Equitable Adoption of the 4Ms in Age-Friendly Care

Abstract

The Age-Friendly Health Systems movement, led by The John A. Hartford Foundation and the Institute for Healthcare Improvement, in partnership with many organizations and health systems, aims to address the growth of the older adult population and the challenges facing this population through the 4Ms framework: What Matters, Medication, Mentation, and Mobility. The 4Ms have been successfully integrated in various health systems, demonstrating improved care and positive outcomes. For long-lasting improvements to the health and care of all older adults, health systems need to collaborate with partners across the Age-Friendly Ecosystem.

Key Words

Age-Friendly Health Systems, age-friendly care, cross-sector collaboration, older adults, health equity


 

As we age, our healthcare needs can become more complex and health systems are frequently unprepared to meet them, resulting in older adults suffering disproportionate harm. This harm can be compounded by race, gender, sexual orientation, geography, and other factors, especially when an older adult embodies multiple identities. Older adults from historically marginalized communities suffer from disparate treatment that negatively influences health outcomes.

Age-Friendly Health Systems Overview

To address the impact of older adults on the healthcare system, in 2017 The John A. Hartford Foundation (JAHF) and the Institute for Healthcare Improvement (IHI), in partnership with the American Hospital Association (AHA) and the Catholic Health Association of the United States (CHA), set a bold vision to build a social movement so that all care with older adults is age-friendly care. In the Age-Friendly Health System’s movement, age-friendly care follows an essential set of evidence-based practices, known as the 4Ms (What Matters, Medication, Mentation, and Mobility); causes no harm; and aligns with What Matters to the older adult and their caregivers. When implemented together, the 4Ms represent a broad shift by health systems to focus on the needs of older adults (see Figure 1, below).

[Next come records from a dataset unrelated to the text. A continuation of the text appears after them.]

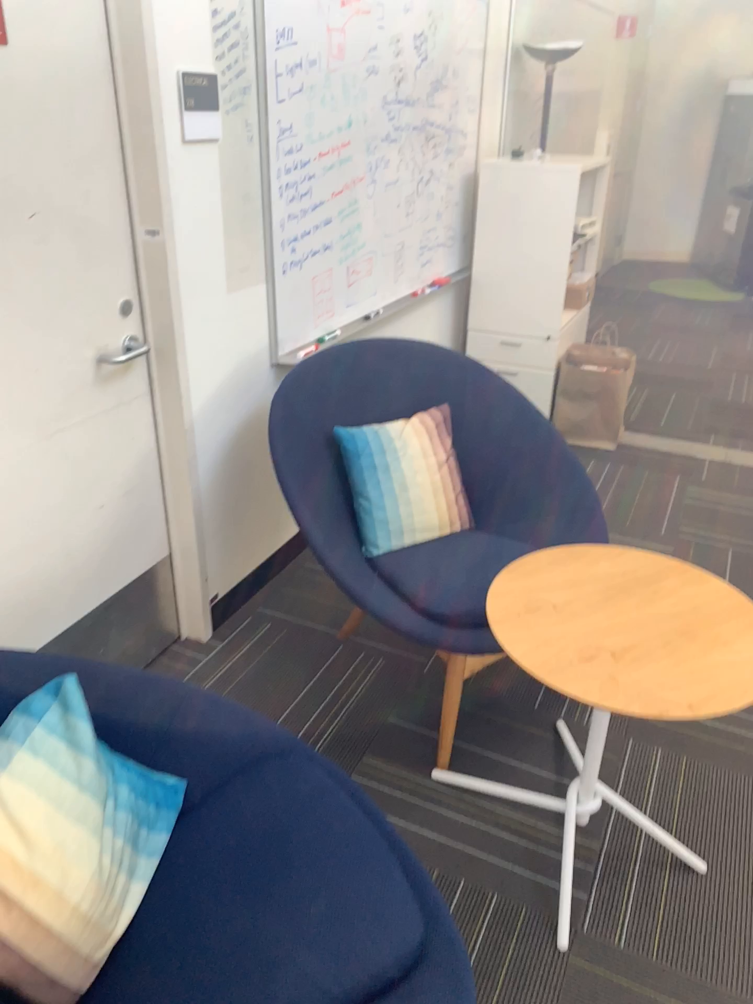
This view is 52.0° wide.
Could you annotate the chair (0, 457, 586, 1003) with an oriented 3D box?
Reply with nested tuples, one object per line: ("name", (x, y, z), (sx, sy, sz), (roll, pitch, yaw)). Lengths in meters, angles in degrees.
("chair", (-0.346, 0.538, 1.120), (0.840, 0.835, 0.794), (-13, 30, -25))

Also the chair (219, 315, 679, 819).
("chair", (0.112, 0.077, 2.245), (0.830, 0.945, 0.985), (-11, 29, -22))
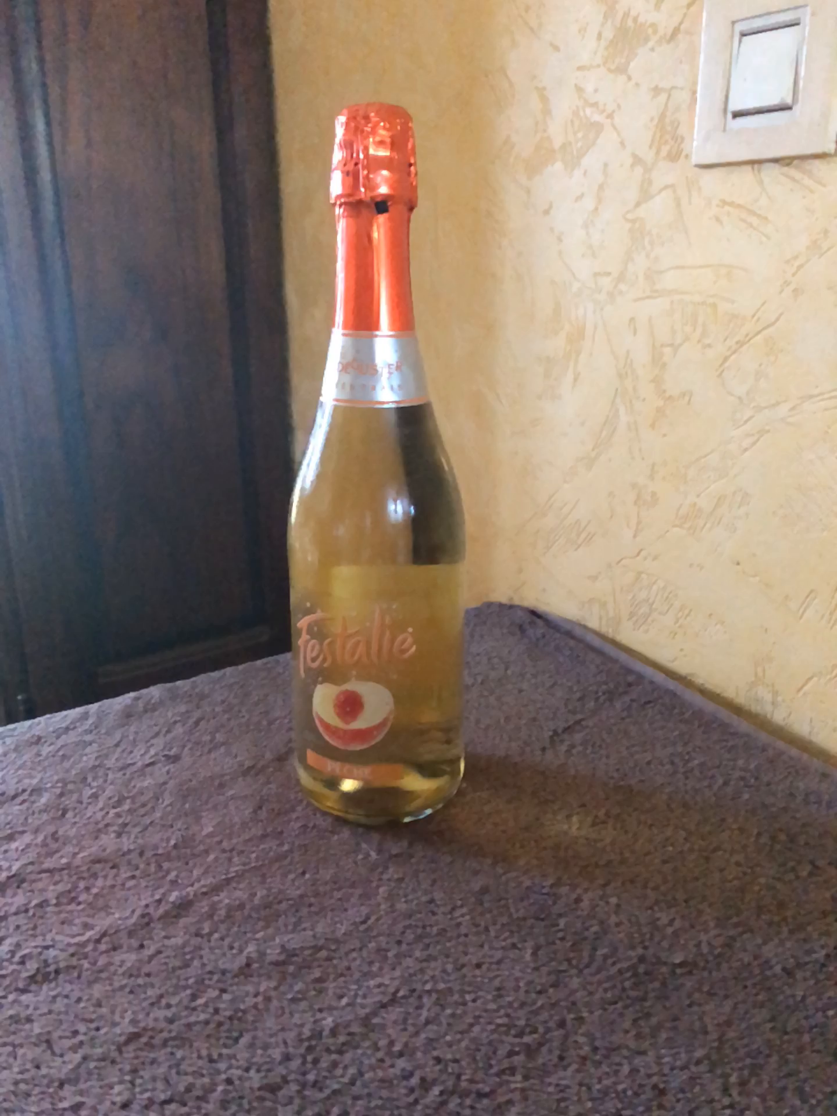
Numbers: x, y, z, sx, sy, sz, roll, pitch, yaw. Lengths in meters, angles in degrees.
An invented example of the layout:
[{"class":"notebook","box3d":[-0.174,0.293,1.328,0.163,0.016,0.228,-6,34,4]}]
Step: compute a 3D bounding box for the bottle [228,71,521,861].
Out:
[{"class":"bottle","box3d":[-0.011,-0.033,0.409,0.090,0.309,0.090,-1,17,0]}]
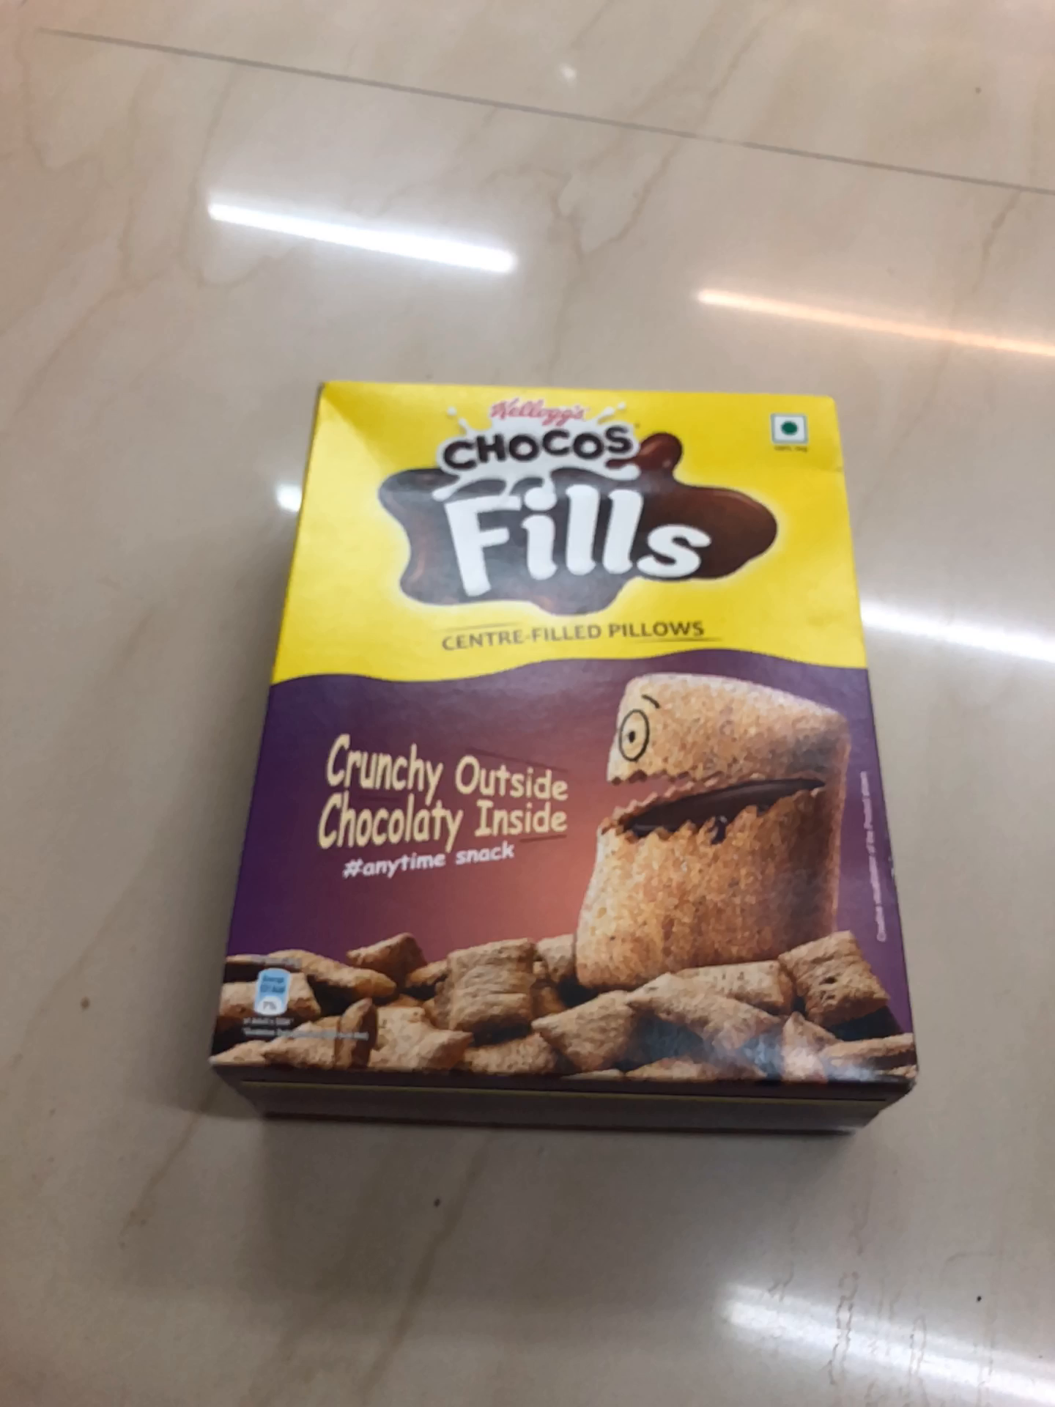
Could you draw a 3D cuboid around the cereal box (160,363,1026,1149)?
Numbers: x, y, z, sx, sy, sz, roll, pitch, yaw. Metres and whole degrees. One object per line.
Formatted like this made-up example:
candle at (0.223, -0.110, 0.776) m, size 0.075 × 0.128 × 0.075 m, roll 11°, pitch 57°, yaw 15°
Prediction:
cereal box at (0.017, 0.006, 0.363) m, size 0.200 × 0.070 × 0.231 m, roll 2°, pitch 58°, yaw 0°
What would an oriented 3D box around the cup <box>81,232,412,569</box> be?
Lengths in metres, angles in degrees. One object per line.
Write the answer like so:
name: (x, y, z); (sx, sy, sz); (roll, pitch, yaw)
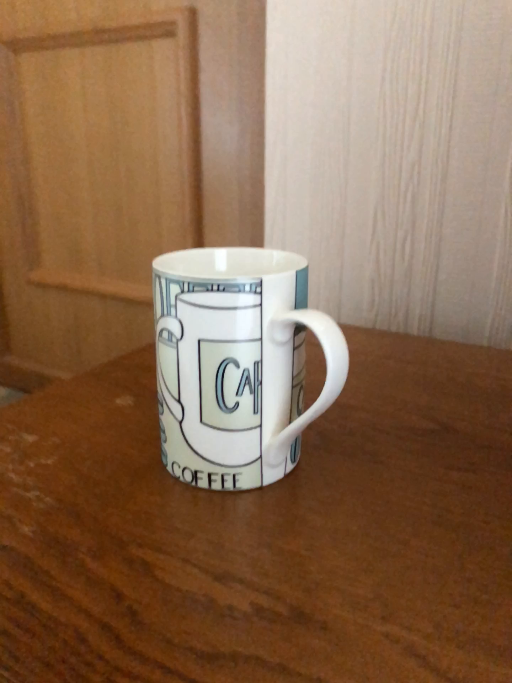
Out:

The 4Ms identify core issues that should drive decision-making in older adult care. They organize care, focus on the older adult’s strengths, and are relevant regardless of an older adult’s health status, conditions, or demographics (cultural, racial, ethnic, or religious background, or socioeconomic status). Care is structured and informed by What Matters most, while the 4Ms reinforce one another as a set (Tinetti, 2019).

Shifting the Culture of Care

The 4Ms are a framework, not a program, to guide care of older adults in every interaction with the healthcare system. The framework was developed after reviewing 17 care models and selecting the most vital elements: the 4Ms. The intention of Age-Friendly Health Systems is to equitably incorporate the 4Ms into existing care, rather than layering them on top, to organize the efficient delivery of effective care.

This integration is achieved primarily through leveraging existing resources within a health system or individual care setting. Many health systems have found they already provide care for many of their older patients that aligns with one or more of the 4Ms. For example, a Community Living Center nursing home in the Veterans Health System in Gainesville, FL, saved 6 hours per week of meeting time by organizing care via the 4Ms (The Institute for Healthcare Improvement, 2024).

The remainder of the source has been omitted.